Read V-S Day: A Novel of Alternate History Online
Authors: Allen Steele
“Yes, well . . .” Sanger coughed in his hand. “If it does, please tell me at once. We’ll need not only to alter the dimensions of the couch, but we’ll also have to adjust the cockpit’s oxygen-pressure variables to suit him.”
Von Braun nodded, his face grim. That was something else he didn’t like to think about, the high-altitude research done by a physician Sigmund Raschler, for the Luftwaffe Institute. When Dr. Raschler had expressed reluctance to use Luftwaffe pilots for his experiments, Himmler had given him a solution: concentration camp prisoners. One by one, detainees had been marched into decompression chambers or submerged in tubs of ice water, their reactions closely studied until they died. The results had been volumes of medical data invaluable for the development of manned spaceflight, but at a hideous and inhuman cost.
Von Braun looked away from Silver Bird, toward the interior end of the tunnel. The tunnels were being expanded for reasons beyond the current mission. If it was a success, the plan was for more Silver Birds to be built until there were enough for the Third Reich to impose its military might across the entire globe. No place on Earth would be beyond their range. The spacecraft could dive from space and drop their bombs on an enemy nation’s cities, killing civilians by the thousands, until their governments surrendered.
Or at least that was the idea. Privately, von Braun doubted it would happen. The
Silbervogel Projekt
was far more expensive than anyone had anticipated, draining human and material resources from the war effort. The cost of the titanium alone was so high that he doubted that they’d be able to construct even a second spacecraft, let alone a fleet. If so much time and energy hadn’t already been committed to building Silver Bird, von Braun had little doubt that the High Command would have already pulled the plug.

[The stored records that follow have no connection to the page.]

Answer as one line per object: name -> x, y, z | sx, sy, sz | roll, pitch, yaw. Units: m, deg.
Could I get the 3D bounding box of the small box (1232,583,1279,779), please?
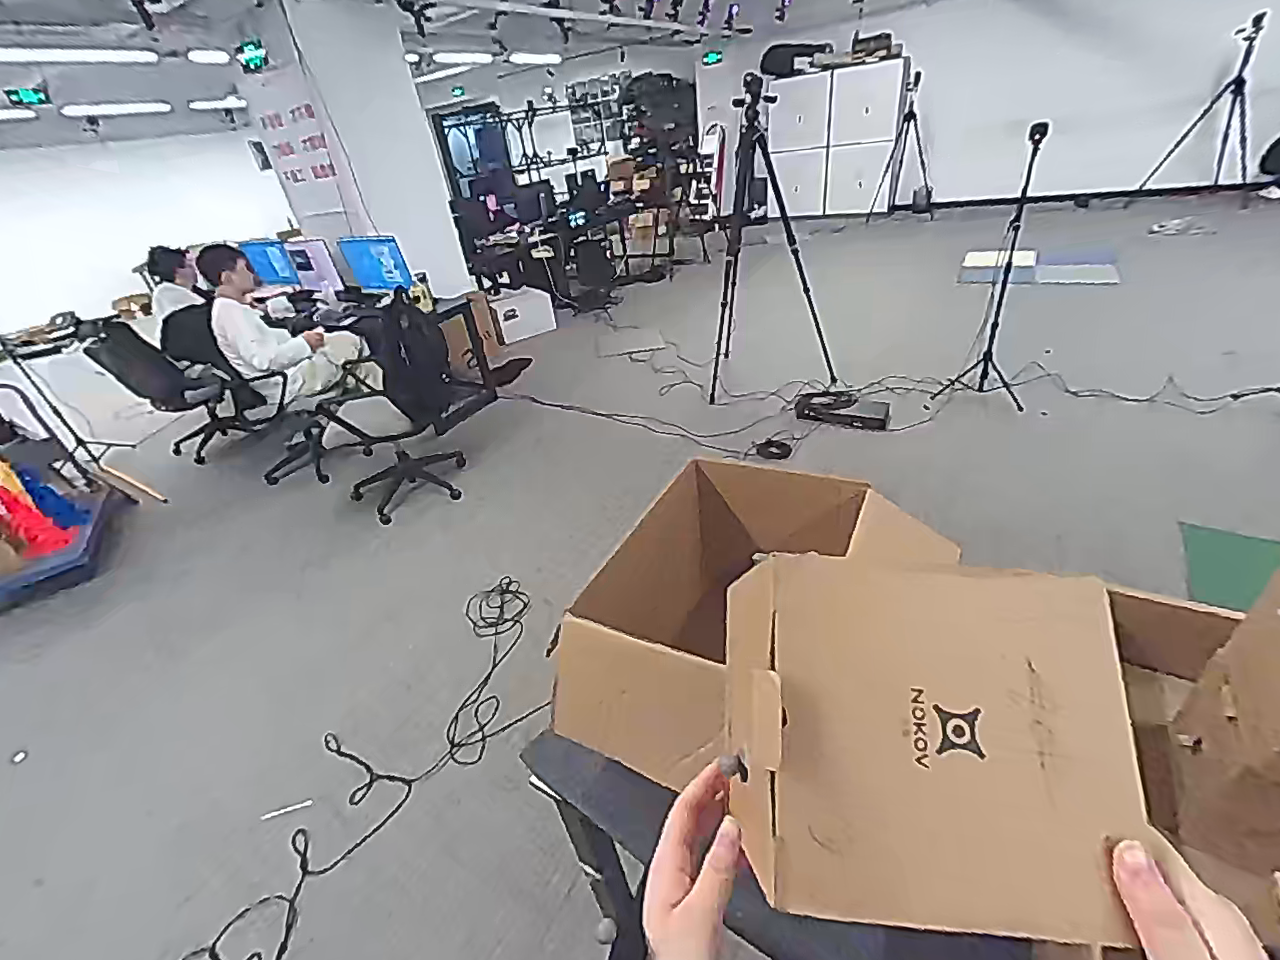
small box -> 0.698, 0.189, 0.493 | 0.168, 0.176, 0.179 | 13, 41, 32

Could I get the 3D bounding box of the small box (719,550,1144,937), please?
small box -> 0.147, 0.144, 0.344 | 0.179, 0.176, 0.168 | 3, 74, 1
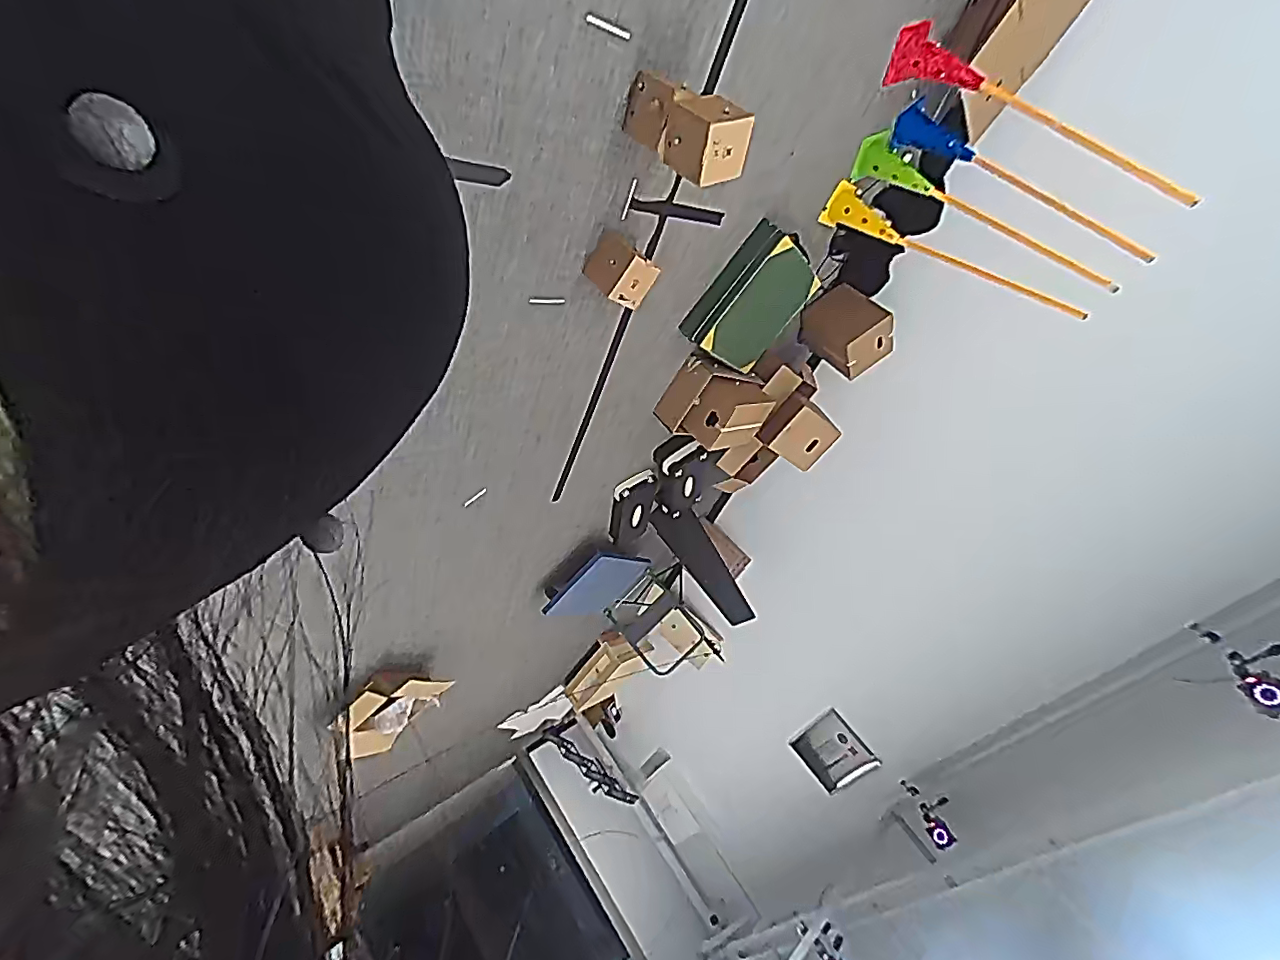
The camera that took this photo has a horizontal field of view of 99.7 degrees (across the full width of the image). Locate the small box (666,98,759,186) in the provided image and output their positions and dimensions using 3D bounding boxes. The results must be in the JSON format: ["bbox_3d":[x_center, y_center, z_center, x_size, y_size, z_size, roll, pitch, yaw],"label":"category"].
[{"bbox_3d":[0.203,-0.977,1.556,0.179,0.176,0.168,-24,149,-28],"label":"small box"}]

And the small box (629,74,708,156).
[{"bbox_3d":[0.094,-1.083,1.621,0.179,0.176,0.168,-19,147,-40],"label":"small box"}]

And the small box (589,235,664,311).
[{"bbox_3d":[-0.054,-0.748,1.954,0.168,0.176,0.179,-3,136,-54],"label":"small box"}]

Yet Goering was convinced that Silver Bird would change the course of the war. Hitler might not conquer the world, but if the Americans invaded Europe—which was inevitable, and everyone knew it—at least he’d be able to dictate terms for their withdrawal. Once that happened, the Reich would be able to solidify its control of western Europe, and a new German empire would be born.
Many years ago, as a teenager entranced by Hermann Oberth’s visions, von Braun had decided to devote his life to the exploration of space. This was not where he’d ever expected to find himself, and he doubted that Sanger had either, despite his unswerving dedication to
Silbervogel
. One day, perhaps soon, a spacecraft would carry men to the Moon, maybe even to Mars. But the idea that it might bear the red swastika flag . . .
We will pay a terrible price for this,
he thought.
If we are successful, history will never forgive us for the way our victory was achieved.
=====
In the nearby village of Nordhausen, a sedan driven by a young woman named Greta Carlsberg came to a halt in front of the small Bavarian-style cottage on the outskirts of town. Climbing out of the car, Frau Carlsberg took a moment to look around, as if to admire the remote and wooded place where she’d chosen to live. Then she opened the trunk, pulled out a couple of suitcases, and lugged them beneath the garden trellis and up the flagstone walk to the front door. Putting down her luggage, she retrieved a brass key from a pocket of her shapeless overcoat and used it to let herself in.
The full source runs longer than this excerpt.